> **What is being asked**: Report, as a bare number, how many lines in the data contain "Tower".

> **Material to process**:
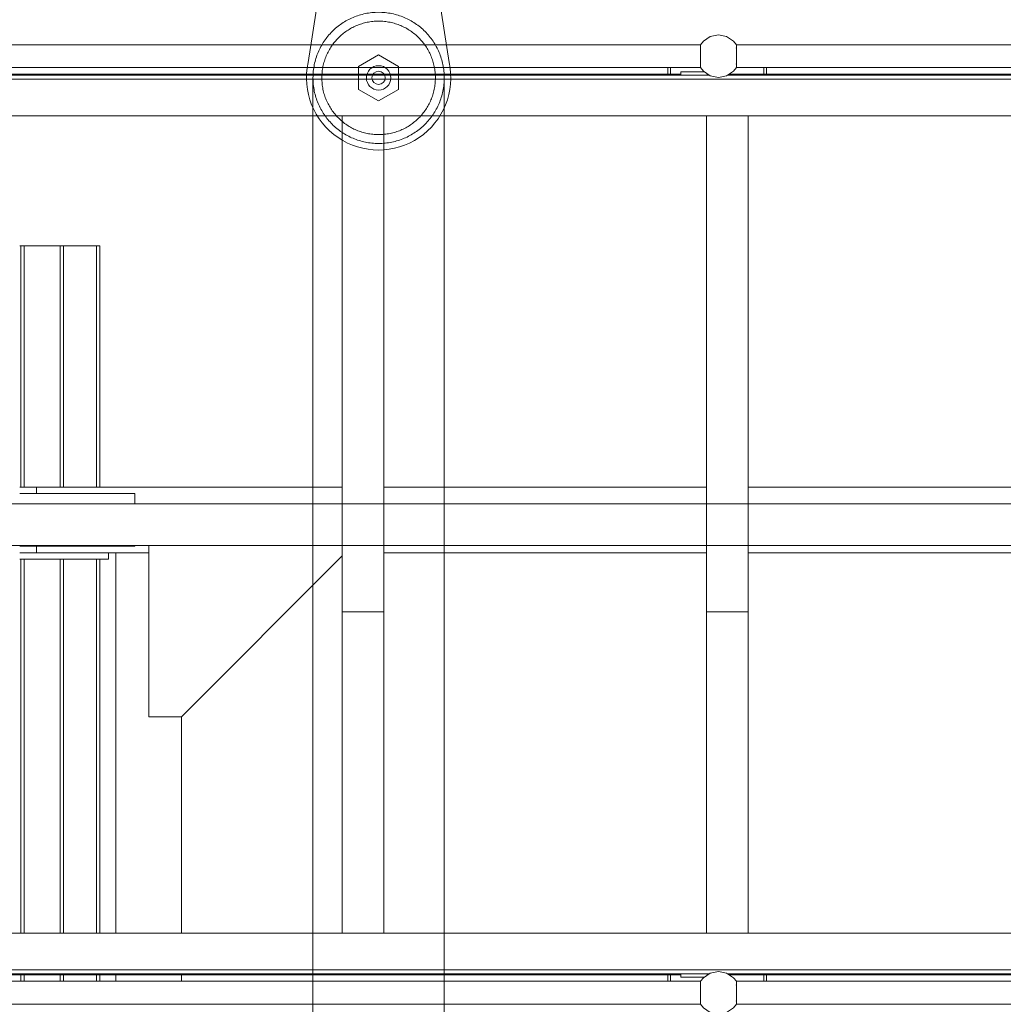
# Model space of a CAD drawing. Header units: millimetres. Extents: x 53746 to 116821, y -810352 to -765802.
# Tile 141 of 256: x 71755 to 73253, y -773276 to -771775. Entities that reach past the tile are written whole.
import ezdxf
from ezdxf.enums import TextEntityAlignment as Align

# ---------------------------------------------------------------- set-up
doc = ezdxf.new("R2010")
doc.units = ezdxf.units.MM
doc.header["$MEASUREMENT"] = 0
doc.linetypes.add('DGN Style 2', pattern=[1526.188139, 1017.458759, -508.72938])
doc.linetypes.add('DGN Style 3', pattern=[2002.806, 1430.575714, -572.230286])
for name, color, linetype, lineweight in [('Main Cradle Rails', 7, 'Continuous', 0), ('Side Cradle Stbd', 7, 'Continuous', 0), ('Side Cradle Tower Platform', 7, 'Continuous', 0), ('Side Slip Rails', 7, 'Continuous', 0)]:
    doc.layers.add(name, color=color, linetype=linetype, lineweight=lineweight)
doc.styles.add('Style-ENGINEERING', font='ENGINEERING.shx')
doc.styles.add('Style-ENGINEERING_0', font='ENGINEERING.shx')
doc.dimstyles.new('MetricMM', dxfattribs={"dimtxt": 3, "dimasz": 3, "dimexe": 1.5, "dimexo": 1.5, "dimgap": 1.5, "dimtad": 1, "dimdec": 0, "dimzin": 7, "dimtxsty": 'Style-ENGINEERING_0', "dimcen": 0.09, "dimclrd": 1, "dimclre": 1, "dimclrt": 7, "dimadec": 0, "dimazin": 3, "dimtfac": 1, "dimtdec": 0, "dimtofl": 0, "dimtmove": 0, "dimatfit": 3, "dimfxl": 1, "dimtzin": 7, "dimlwd": -1, "dimlwe": 0, "dimarcsym": 0})

# ---------------------------------------------------------------- blocks, each defined once
blk = doc.blocks.new('*U62')
at = {"color": 7, "linetype": 'Continuous', "lineweight": 13}
for p, q in [((-25.4, 274.1), (-25.4, 234.8)), ((25.4, 274.1), (25.4, 234.8)), ((-66.5, 13.3), (-107.5, -251.8)), ((66.5, 13.3), (107.5, -251.8))]:
    blk.add_line(p, q, dxfattribs=at)
at = {"color": 7, "linetype": 'Continuous', "lineweight": 13, "flags": 128}
blk.add_lwpolyline([(62.1, 26.6), (62.1, 234.8), (-62.1, 234.8), (-62.1, 26.6)], dxfattribs=at)
at = {"color": 7, "linetype": 'Continuous', "lineweight": 0, "flags": 128}
blk.add_lwpolyline([(0, -240), (30.5, -257.7), (30.5, -292.9), (0, -310.5), (-30.5, -292.9), (-30.5, -257.7), (0, -240)], close=True, dxfattribs=at)
at = {"color": 7, "linetype": 'Continuous', "lineweight": 13}
blk.add_circle((0, 326.7), 26.5, dxfattribs=at)
at = {"color": 7, "linetype": 'Continuous', "lineweight": 0}
for centre, radius in [((0, -1.2), 10.1), ((0, -275.3), 18.6), ((0, -275.3), 10.1)]:
    blk.add_circle(centre, radius, dxfattribs=at)
at = {"color": 7, "linetype": 'DGN Style 2', "lineweight": 0}
for radius in [100, 86.5]:
    blk.add_circle((0, -275.3), radius, dxfattribs=at)
at = {"color": 7, "linetype": 'Continuous', "lineweight": 13, "extrusion": (0, 0, -1)}
for centre, radius, start, end in [((0, 326.7), 58.5, 295.7749, 244.2251), ((0, -1.2), 68, 12.2966, 167.7034), ((0, -275.3), 110, 167.7034, 12.2966)]:
    blk.add_arc(centre, radius, start, end, dxfattribs=at)
blk = doc.blocks.new('*D96')
at = {"color": 1, "linetype": 'Continuous', "lineweight": 0, "transparency": 16777216}
for p, q in [((-13131.6, 16815.2), (-14409.9, 16815.2)), ((-13671.6, 15014.7), (-14409.9, 15014.7))]:
    blk.add_line(p, q, dxfattribs=at)
at = {"color": 1, "linetype": 'Continuous', "transparency": 16777216}
blk.add_line((-14319.9, 16815.2), (-14319.9, 15014.7), dxfattribs=at)
at = {"color": 1, "linetype": 'Continuous', "lineweight": 0, "transparency": 16777216, "extrusion": (0, 0, -1)}
blk.add_solid([(14394.9, 16515.2), (14319.9, 16815.2), (14244.9, 16515.2)], dxfattribs=at)
at = {"color": 1, "linetype": 'Continuous', "lineweight": 0, "transparency": 16777216}
blk.add_solid([(-14244.9, 15314.7), (-14319.9, 15014.7), (-14394.9, 15314.7)], dxfattribs=at)
at = {"layer": 'Defpoints', "color": 7, "linetype": 'Continuous', "lineweight": 0, "transparency": 16777216}
for p in [(-12981.6, 16815.2), (-14319.9, 15915), (-14319.9, 15014.7), (-13521.6, 15014.7)]:
    blk.add_point(p, dxfattribs=at)
at = {"color": 7, "linetype": 'Continuous', "lineweight": 0, "transparency": 16777216, "style": 'Style-ENGINEERING'}
blk.add_text('1800', height=300, rotation=90, dxfattribs=at).set_placement((-14619.9, 15424.9), align=Align.MIDDLE_LEFT)
blk = doc.blocks.new('*U57')
at = {"color": 7, "linetype": 'DGN Style 3', "lineweight": 13}
for p, q in [((-13081.6, 16213.2), (-13081.6, 14647.6)), ((-12881.6, 16213.2), (-12881.6, -4026.1))]:
    blk.add_line(p, q, dxfattribs=at)
at = {"layer": 'Side Cradle Stbd', "color": 7, "linetype": 'Continuous', "lineweight": 0}
for p, q in [((-13503.1, 15589.3), (-13528.5, 15589.3)), ((-13037, 15589.3), (-13503.1, 15589.3)), ((-12482, 15589.3), (-12973.5, 15589.3)), ((-11927, 15589.3), (-12418.5, 15589.3)), ((-13528.5, 15579.3), (-13353.1, 15579.3)), ((-13353.1, 15579.3), (-13353.1, 15564)), ((-13353.1, 15499.3), (-13528.5, 15499.3)), ((-13353.1, 15500.5), (-13353.1, 15499.3)), ((-13503.1, 15489.3), (-13528.5, 15489.3)), ((-13331.9, 15489.3), (-13503.1, 15489.3)), ((-13393.1, 15479.3), (-13393.1, 15489.3)), ((-13381.9, 14909.3), (-13381.9, 15489.3)), ((-12482, 15489.3), (-12973.5, 15489.3)), ((-11927, 15489.3), (-12418.5, 15489.3)), ((-13281.9, 14909.3), (-13281.9, 15239.3)), ((-13381.9, 14835.8), (-13381.9, 14845.8)), ((-13281.9, 14835.8), (-13281.9, 14845.8))]:
    blk.add_line(p, q, dxfattribs=at)
at = {"layer": 'Side Cradle Stbd', "color": 7, "linetype": 'Continuous', "lineweight": 0, "flags": 128}
for points in [[(-13503.1, 15589.3), (-13503.1, 15589.3), (-13503.1, 15579.3)], [(-13503.1, 15499.3), (-13503.1, 15489.3), (-13503.1, 15489.3)], [(-13331.9, 15500.5), (-13331.9, 15239.3), (-13281.9, 15239.3), (-13037, 15484.3)], [(-13393.1, 15479.3), (-13453.1, 15479.3), (-13503.1, 15479.3), (-13528.5, 15479.3)]]:
    blk.add_lwpolyline(points, dxfattribs=at)
at = {"layer": 'Side Cradle Tower Platform', "color": 7, "linetype": 'Continuous', "lineweight": 0}
for p, q in [((-13847.1, 16263.8), (-12491.1, 16263.8)), ((-12436.4, 16263.8), (-11080.3, 16263.8)), ((-12491.1, 16228.8), (-13847.1, 16228.8)), ((-12540.7, 16218.8), (-12540.7, 16228.8)), ((-12536.7, 16218.8), (-12536.7, 16228.8)), ((-11080.3, 16228.8), (-12436.4, 16228.8)), ((-12394.7, 16228.8), (-12394.7, 16218.8)), ((-12390.7, 16218.8), (-12390.7, 16228.8)), ((-13860.5, 16217.3), (-12477.7, 16217.3)), ((-12521.2, 16218.8), (-13858.2, 16218.8)), ((-12521.2, 16222.3), (-12521.2, 16217.3)), ((-12521.2, 16222.3), (-12486.2, 16222.3)), ((-12486.2, 16222.3), (-12486.2, 16223)), ((-12481.2, 16217.3), (-12481.2, 16219.6)), ((-12480, 16218.8), (-12481.2, 16218.8)), ((-12449.8, 16217.3), (-11067, 16217.3)), ((-11110.5, 16218.8), (-12447.5, 16218.8)), ((-8009, 16211.3), (-14097, 16211.3)), ((-14083.5, 16155.3), (-11453, 16155.3)), ((-13037, 16155.3), (-13037, 15399)), ((-12973.5, 15399), (-12973.5, 16155.3)), ((-12482, 16155.3), (-12482, 15399)), ((-12418.5, 15399), (-12418.5, 16155.3)), ((-14083.5, 15564), (-8022.5, 15564)), ((-8022.5, 15500.5), (-14083.5, 15500.5)), ((-12973.5, 15500.5), (-12973.5, 15500.5)), ((-12482, 15500.5), (-12482, 15500.5)), ((-12418.5, 15500.5), (-12418.5, 15500.5)), ((-12973.5, 15399), (-13037, 15399)), ((-13037, 14909.3), (-13037, 15399)), ((-12973.5, 14909.3), (-12973.5, 15399)), ((-12418.5, 15399), (-12482, 15399)), ((-12482, 14909.3), (-12482, 15399)), ((-12418.5, 14909.3), (-12418.5, 15399)), ((-11053, 14909.3), (-14083.5, 14909.3)), ((-12973.5, 14909.3), (-12973.5, 14909.3)), ((-12418.5, 14909.3), (-12418.5, 14909.3)), ((-8009, 14853.3), (-14097, 14853.3)), ((-13860.5, 14847.3), (-12477.7, 14847.3)), ((-12521.2, 14842.3), (-12521.2, 14847.3)), ((-12481.2, 14847.3), (-12481.2, 14844.9)), ((-12449.8, 14847.3), (-11067, 14847.3)), ((-13858.2, 14845.8), (-12521.2, 14845.8)), ((-13847.1, 14835.8), (-12491.1, 14835.8)), ((-12540.7, 14845.8), (-12540.7, 14835.8)), ((-12536.7, 14845.8), (-12536.7, 14835.8)), ((-12521.2, 14842.3), (-12486.2, 14842.3)), ((-12486.2, 14842.3), (-12486.2, 14841.6)), ((-12481.2, 14845.8), (-12480, 14845.8)), ((-12447.5, 14845.8), (-11110.5, 14845.8)), ((-12436.4, 14835.8), (-11080.3, 14835.8)), ((-12394.7, 14835.8), (-12394.7, 14845.8)), ((-12390.7, 14845.8), (-12390.7, 14835.8)), ((-12491.1, 14800.8), (-13847.1, 14800.8)), ((-11080.3, 14800.8), (-12436.4, 14800.8))]:
    blk.add_line(p, q, dxfattribs=at)
at = {"layer": 'Side Cradle Tower Platform', "color": 7, "linetype": 'Continuous', "lineweight": 0, "flags": 128}
for points in [[(-12436.4, 16263.8), (-12440.8, 16269.2), (-12451.3, 16276.3), (-12463.7, 16278.8), (-12476.2, 16276.3), (-12486.7, 16269.2), (-12491.1, 16263.8)], [(-12491.1, 16228.8), (-12491.1, 16228.8), (-12491, 16228.9), (-12491, 16229.7), (-12491, 16230.1), (-12491, 16230.2), (-12491, 16232.9), (-12491, 16233.7), (-12490.9, 16233.9), (-12490.9, 16234), (-12491, 16234.6), (-12491, 16234.9), (-12491, 16234.9), (-12491, 16238.1), (-12491, 16239.6), (-12491, 16239.6), (-12491.1, 16240.2), (-12491.1, 16244.5), (-12491.1, 16246.3), (-12491, 16246.8), (-12491, 16251.2), (-12491, 16252.9), (-12491, 16253), (-12491, 16257.2), (-12491, 16257.6), (-12491, 16257.6), (-12491, 16257.9), (-12490.9, 16258.5), (-12490.9, 16258.6), (-12491, 16258.8), (-12491, 16261.4), (-12491, 16262.3), (-12491, 16262.4), (-12491.1, 16262.6), (-12491.1, 16263.4), (-12491.1, 16263.8), (-12491.1, 16263.8)], [(-12436.4, 16263.8), (-12436.4, 16263.8), (-12436.5, 16263.6), (-12436.5, 16263.4), (-12436.5, 16262.4), (-12436.4, 16262.3), (-12436.4, 16261.4), (-12436.4, 16258.8), (-12436.6, 16258.6), (-12436.6, 16258.5), (-12436.5, 16257.9), (-12436.5, 16257.6), (-12436.5, 16257.6), (-12436.5, 16257.1), (-12436.5, 16253), (-12436.5, 16252.9), (-12436.4, 16252.3), (-12436.4, 16251.2), (-12436.4, 16246.3), (-12436.5, 16245.7), (-12436.5, 16244.5), (-12436.5, 16239.6), (-12436.5, 16239.6), (-12436.5, 16238), (-12436.5, 16234.9)], [(-12436.4, 16228.8), (-12440.8, 16223.3), (-12451.3, 16216.2), (-12463.7, 16213.8), (-12476.2, 16216.2), (-12486.7, 16223.3), (-12491.1, 16228.8)], [(-12436.5, 16234.9), (-12436.5, 16234.9), (-12436.5, 16234.6), (-12436.6, 16234), (-12436.6, 16233.9), (-12436.4, 16233.7), (-12436.4, 16232.9), (-12436.4, 16230.2), (-12436.5, 16230.1), (-12436.4, 16230), (-12436.4, 16229.7), (-12436.4, 16228.8), (-12436.4, 16228.8)], [(-12491.1, 14835.8), (-12486.7, 14841.2), (-12476.2, 14848.3), (-12463.7, 14850.8), (-12451.3, 14848.3), (-12440.8, 14841.2), (-12436.4, 14835.8)], [(-12491, 14806.9), (-12491, 14806.9), (-12491, 14807.4), (-12491, 14811.6), (-12491, 14811.6), (-12491, 14813.3), (-12491, 14817.7), (-12491.1, 14818.3), (-12491.1, 14820), (-12491.1, 14824.3), (-12491, 14824.9), (-12491, 14825), (-12491, 14826.4), (-12491, 14829.6), (-12491, 14829.6), (-12491, 14829.9), (-12490.9, 14830.5), (-12490.9, 14830.6), (-12491, 14830.8), (-12491, 14831.6), (-12491, 14834.3), (-12491, 14834.4), (-12491, 14834.8), (-12491, 14835.6), (-12491.1, 14835.8), (-12491.1, 14835.8)], [(-12436.4, 14835.8), (-12436.4, 14835.8), (-12436.4, 14834.8), (-12436.4, 14834.6), (-12436.5, 14834.4), (-12436.4, 14834.3), (-12436.4, 14831.7), (-12436.4, 14830.8), (-12436.6, 14830.6), (-12436.6, 14830.5), (-12436.5, 14829.9), (-12436.5, 14829.6), (-12436.5, 14829.6), (-12436.5, 14826.5), (-12436.5, 14825), (-12436.5, 14824.9), (-12436.5, 14820.1), (-12436.5, 14818.8), (-12436.4, 14818.3), (-12436.4, 14813.4), (-12436.4, 14812.2), (-12436.5, 14811.6), (-12436.5, 14811.6), (-12436.5, 14807.4), (-12436.5, 14806.9), (-12436.5, 14806.9), (-12436.5, 14806.6), (-12436.6, 14806), (-12436.6, 14805.9), (-12436.4, 14805.7), (-12436.4, 14803.1), (-12436.4, 14802.2), (-12436.5, 14802.1), (-12436.5, 14801.1), (-12436.5, 14800.9), (-12436.4, 14800.8), (-12436.4, 14800.8)], [(-12491.1, 14800.8), (-12491.1, 14800.8), (-12491.1, 14801.1), (-12491.1, 14802), (-12491, 14802.1), (-12491, 14802.2), (-12491, 14803.1), (-12491, 14805.7), (-12490.9, 14805.9), (-12490.9, 14806), (-12491, 14806.6), (-12491, 14806.9)], [(-12491.1, 14800.8), (-12486.7, 14795.3), (-12476.2, 14788.2), (-12463.7, 14785.8), (-12451.3, 14788.2), (-12440.8, 14795.3), (-12436.4, 14800.8)]]:
    blk.add_lwpolyline(points, dxfattribs=at)
at = {"layer": 'Side Slip Rails', "color": 7, "linetype": 'Continuous', "lineweight": 0}
for p, q in [((-13526.6, 15957), (-13528.5, 15957)), ((-13526.6, 15589.3), (-13526.6, 15957)), ((-13521.6, 15589.3), (-13521.6, 15957)), ((-13466.6, 15589.3), (-13466.6, 15957)), ((-13461.6, 15589.3), (-13461.6, 15957)), ((-13411.3, 15589.3), (-13411.3, 15957)), ((-13406.6, 15589.3), (-13406.6, 15957)), ((-13526.6, 14909.3), (-13526.6, 15479.3)), ((-13521.6, 14909.3), (-13521.6, 15479.3)), ((-13466.6, 14909.3), (-13466.6, 15479.3)), ((-13461.6, 14909.3), (-13461.6, 15479.3)), ((-13411.3, 14909.3), (-13411.3, 15479.3)), ((-13406.6, 14909.3), (-13406.6, 15479.3)), ((-13526.6, 14835.8), (-13526.6, 14845.8)), ((-13521.6, 14835.8), (-13521.6, 14845.8)), ((-13466.6, 14835.8), (-13466.6, 14845.8)), ((-13461.6, 14835.8), (-13461.6, 14845.8)), ((-13411.3, 14835.8), (-13411.3, 14845.8)), ((-13406.6, 14835.8), (-13406.6, 14845.8))]:
    blk.add_line(p, q, dxfattribs=at)
at = {"layer": 'Side Slip Rails', "color": 7, "linetype": 'Continuous', "lineweight": 0, "flags": 128}
for points in [[(-13461.6, 15957), (-13461.6, 15957), (-13462, 15957), (-13463.1, 15957), (-13464.7, 15957), (-13466.6, 15957), (-13521.6, 15957), (-13523.6, 15957), (-13525.2, 15957), (-13526.3, 15957), (-13526.6, 15957), (-13526.6, 15957)], [(-13406.6, 15957), (-13406.6, 15957), (-13407, 15957), (-13408, 15957), (-13409.5, 15957), (-13411.3, 15957), (-13461.6, 15957)]]:
    blk.add_lwpolyline(points, dxfattribs=at)
at = {"color": 7, "linetype": 'Continuous', "lineweight": 0}
blk.add_blockref('*U62', (-12981.6, 16488.5), dxfattribs=at)
at = {"color": 1, "linetype": 'Continuous'}
dim = blk.add_linear_dim(base=(-14319.9, 15014.7), p1=(-12981.6, 16815.2), p2=(-13521.6, 15014.7), angle=270, text='\\FSTANDARD;1800', dimstyle='MetricMM', override={"dimtxt": 300, "dimasz": 300, "dimexe": 90, "dimexo": 150, "dimgap": 150}, dxfattribs=at)
dim.commit()
dim.dimension.update_dxf_attribs({"geometry": '*D96', "text_midpoint": (-14319.9, 15915)})

msp = doc.modelspace()

# ---------------------------------------------------------------- block references
at = {"layer": 'Main Cradle Rails', "color": 7, "linetype": 'Continuous', "lineweight": 0}
msp.add_blockref('*U57', (85283.05, -788076.95), dxfattribs=at)

doc.saveas('drawing.dxf')

> **Reply**: 3